A web of forked lightning illuminated the twilight.

‘And that one over there’ — the man from Ashkhabad pointed to where the black man had built his nest — ‘has been stuffing himself and laughing at us the whole goddamn time.’

This was an unbearable thought, an insult to their desperate hunger.

‘Has he got grub or not?’ Vitaly asked the tall man.

‘I didn’t see any.’

‘He gave you something to eat, didn’t he? That means he’s got grub, doesn’t it?’

‘Maybe, yeah, I guess.’ The tall man flapped his arms wildly now. ‘How should I know!’

The man from Ashkhabad rose to his feet, and he and Vitaly walked over to the Ethiopian’s camp. The others followed. They approached him cautiously, fearful of the power they had created in their minds.
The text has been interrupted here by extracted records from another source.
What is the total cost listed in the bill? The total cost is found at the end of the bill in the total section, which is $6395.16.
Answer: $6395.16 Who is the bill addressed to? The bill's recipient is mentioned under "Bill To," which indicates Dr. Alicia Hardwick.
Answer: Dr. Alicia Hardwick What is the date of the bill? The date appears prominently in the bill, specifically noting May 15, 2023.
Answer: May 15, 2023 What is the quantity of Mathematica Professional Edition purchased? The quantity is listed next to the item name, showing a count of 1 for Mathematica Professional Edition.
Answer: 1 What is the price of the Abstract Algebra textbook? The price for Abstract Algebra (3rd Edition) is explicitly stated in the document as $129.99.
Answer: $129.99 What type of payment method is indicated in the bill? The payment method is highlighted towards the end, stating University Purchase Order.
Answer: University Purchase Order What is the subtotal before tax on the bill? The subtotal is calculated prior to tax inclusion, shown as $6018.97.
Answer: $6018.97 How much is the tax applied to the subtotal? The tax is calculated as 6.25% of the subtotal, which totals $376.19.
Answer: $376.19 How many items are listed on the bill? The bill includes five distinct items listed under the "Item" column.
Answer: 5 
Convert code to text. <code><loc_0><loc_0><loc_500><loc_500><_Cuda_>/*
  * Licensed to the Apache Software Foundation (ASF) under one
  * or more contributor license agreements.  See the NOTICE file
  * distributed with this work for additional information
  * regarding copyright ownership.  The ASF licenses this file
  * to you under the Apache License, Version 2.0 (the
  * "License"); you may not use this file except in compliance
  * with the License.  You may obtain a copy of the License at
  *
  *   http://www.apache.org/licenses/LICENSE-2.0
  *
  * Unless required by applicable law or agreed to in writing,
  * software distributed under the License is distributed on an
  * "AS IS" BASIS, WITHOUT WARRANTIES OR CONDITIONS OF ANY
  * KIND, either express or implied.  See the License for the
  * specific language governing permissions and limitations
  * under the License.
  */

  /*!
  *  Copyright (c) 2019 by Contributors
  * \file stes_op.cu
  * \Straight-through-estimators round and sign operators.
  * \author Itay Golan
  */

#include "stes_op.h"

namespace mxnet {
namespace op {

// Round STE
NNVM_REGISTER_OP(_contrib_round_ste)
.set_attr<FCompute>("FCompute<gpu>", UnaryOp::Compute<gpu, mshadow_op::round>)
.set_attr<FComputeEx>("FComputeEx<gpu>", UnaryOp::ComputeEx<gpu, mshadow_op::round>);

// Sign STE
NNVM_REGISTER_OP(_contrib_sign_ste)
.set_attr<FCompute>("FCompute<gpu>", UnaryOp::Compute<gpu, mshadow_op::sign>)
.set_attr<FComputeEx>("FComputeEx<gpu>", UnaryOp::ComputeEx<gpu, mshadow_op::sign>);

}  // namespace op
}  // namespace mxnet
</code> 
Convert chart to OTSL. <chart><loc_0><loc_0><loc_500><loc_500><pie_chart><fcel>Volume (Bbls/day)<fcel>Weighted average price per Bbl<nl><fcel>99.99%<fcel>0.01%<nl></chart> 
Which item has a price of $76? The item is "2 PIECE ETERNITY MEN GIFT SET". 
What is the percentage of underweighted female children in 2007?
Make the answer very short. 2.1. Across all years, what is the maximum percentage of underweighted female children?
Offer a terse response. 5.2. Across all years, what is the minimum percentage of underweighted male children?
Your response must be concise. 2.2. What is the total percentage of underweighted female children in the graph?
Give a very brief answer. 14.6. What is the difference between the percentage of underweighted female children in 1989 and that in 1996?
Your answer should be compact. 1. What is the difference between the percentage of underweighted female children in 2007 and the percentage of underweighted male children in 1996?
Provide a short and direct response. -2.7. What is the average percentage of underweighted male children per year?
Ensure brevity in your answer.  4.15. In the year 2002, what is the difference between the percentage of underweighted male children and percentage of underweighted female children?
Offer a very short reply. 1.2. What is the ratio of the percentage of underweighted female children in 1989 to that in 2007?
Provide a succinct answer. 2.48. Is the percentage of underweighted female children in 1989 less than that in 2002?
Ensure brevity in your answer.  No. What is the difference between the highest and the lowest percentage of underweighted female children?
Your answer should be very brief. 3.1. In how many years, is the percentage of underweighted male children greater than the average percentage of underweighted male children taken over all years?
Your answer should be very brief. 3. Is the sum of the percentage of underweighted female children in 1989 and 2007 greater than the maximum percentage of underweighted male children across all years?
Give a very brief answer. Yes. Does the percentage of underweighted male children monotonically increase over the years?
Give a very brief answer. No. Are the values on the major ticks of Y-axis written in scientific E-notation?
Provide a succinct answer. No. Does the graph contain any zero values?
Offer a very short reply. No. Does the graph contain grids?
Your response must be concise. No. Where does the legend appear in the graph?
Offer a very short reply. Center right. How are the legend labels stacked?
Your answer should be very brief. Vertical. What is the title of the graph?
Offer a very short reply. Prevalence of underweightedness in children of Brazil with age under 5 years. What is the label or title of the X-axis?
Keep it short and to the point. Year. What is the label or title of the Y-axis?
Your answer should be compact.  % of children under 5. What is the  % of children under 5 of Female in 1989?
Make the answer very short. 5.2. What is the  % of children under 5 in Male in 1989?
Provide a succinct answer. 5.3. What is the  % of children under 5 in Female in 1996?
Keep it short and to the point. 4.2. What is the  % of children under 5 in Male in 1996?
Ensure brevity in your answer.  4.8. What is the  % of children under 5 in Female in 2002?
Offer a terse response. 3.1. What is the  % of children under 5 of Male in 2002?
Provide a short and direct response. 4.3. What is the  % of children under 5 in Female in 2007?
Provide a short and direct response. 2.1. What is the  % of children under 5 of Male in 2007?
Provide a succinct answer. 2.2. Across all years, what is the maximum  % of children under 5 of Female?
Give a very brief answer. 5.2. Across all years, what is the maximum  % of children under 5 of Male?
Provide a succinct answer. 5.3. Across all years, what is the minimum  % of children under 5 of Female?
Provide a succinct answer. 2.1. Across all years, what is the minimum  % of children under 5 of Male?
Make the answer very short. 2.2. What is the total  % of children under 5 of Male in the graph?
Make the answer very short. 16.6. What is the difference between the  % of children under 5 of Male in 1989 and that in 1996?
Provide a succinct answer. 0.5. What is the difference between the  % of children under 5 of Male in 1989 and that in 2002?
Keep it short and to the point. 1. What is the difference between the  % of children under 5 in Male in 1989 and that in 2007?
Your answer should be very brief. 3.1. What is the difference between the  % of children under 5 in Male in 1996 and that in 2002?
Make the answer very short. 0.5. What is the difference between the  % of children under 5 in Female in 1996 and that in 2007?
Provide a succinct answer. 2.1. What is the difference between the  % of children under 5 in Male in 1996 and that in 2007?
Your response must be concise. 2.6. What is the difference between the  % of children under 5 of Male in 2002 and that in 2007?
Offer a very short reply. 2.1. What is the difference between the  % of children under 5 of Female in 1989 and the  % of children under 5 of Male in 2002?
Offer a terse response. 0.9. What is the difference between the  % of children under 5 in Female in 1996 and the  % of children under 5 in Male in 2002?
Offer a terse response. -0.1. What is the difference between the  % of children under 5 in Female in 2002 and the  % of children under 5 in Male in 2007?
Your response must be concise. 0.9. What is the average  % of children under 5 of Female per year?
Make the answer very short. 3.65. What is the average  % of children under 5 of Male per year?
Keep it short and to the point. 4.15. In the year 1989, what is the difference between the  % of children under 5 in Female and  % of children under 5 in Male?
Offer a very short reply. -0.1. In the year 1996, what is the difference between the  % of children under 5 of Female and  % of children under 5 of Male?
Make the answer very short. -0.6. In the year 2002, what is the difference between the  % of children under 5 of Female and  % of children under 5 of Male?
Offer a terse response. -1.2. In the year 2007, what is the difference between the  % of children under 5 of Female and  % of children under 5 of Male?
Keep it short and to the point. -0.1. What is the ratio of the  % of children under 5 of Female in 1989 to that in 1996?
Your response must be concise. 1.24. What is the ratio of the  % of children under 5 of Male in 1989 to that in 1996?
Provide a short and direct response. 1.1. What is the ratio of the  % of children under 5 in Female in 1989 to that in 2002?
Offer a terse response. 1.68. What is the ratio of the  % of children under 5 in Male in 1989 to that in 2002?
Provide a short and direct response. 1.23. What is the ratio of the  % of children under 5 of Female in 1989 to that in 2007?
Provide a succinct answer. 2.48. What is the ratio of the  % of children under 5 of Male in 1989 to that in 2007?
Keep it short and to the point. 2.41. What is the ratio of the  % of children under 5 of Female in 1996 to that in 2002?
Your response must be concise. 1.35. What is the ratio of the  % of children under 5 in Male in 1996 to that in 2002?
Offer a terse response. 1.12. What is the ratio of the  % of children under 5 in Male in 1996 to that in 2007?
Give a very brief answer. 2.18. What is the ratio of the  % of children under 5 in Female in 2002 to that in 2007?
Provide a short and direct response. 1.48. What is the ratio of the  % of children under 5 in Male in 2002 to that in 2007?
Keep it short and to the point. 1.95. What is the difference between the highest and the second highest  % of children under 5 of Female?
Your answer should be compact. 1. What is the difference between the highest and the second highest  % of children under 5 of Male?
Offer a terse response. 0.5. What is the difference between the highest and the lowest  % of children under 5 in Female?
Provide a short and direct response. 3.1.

‘Hey, Africa,’ Vitaly said, kicking at the prone form. The tarp moved, and the black man stuck his head out.

‘Food!’ Vitaly said. He raised his hand to his mouth.

The black man laughed nervously.

‘You’ve got food there,’ Vitaly said. He kicked at him again.

The black man crawled out from under the tarp and backed away from them.

They dumped the contents of his satchel on the wet ground and lifted the plastic to see if anything was hidden there. Uncomprehendingly, the black man watched as they rummaged through his possessions — the empty can, a Bible they couldn’t read (they saw the silver cross on the cover), a roll of newspapers, his empty lighters, and his jingling collection of tin bottle caps. They had counted on finding a secret food stash, and now they looked in disbelief at his paltry possessions. They kicked apart the ring of grass, but found nothing. The Ethiopian looked at the tall man — a look that asked for help, a mitigating word to break the tension — but the tall man averted his eyes. Dark pillars, dripping with rain, they looked in silence at the African. They turned and went back to their places.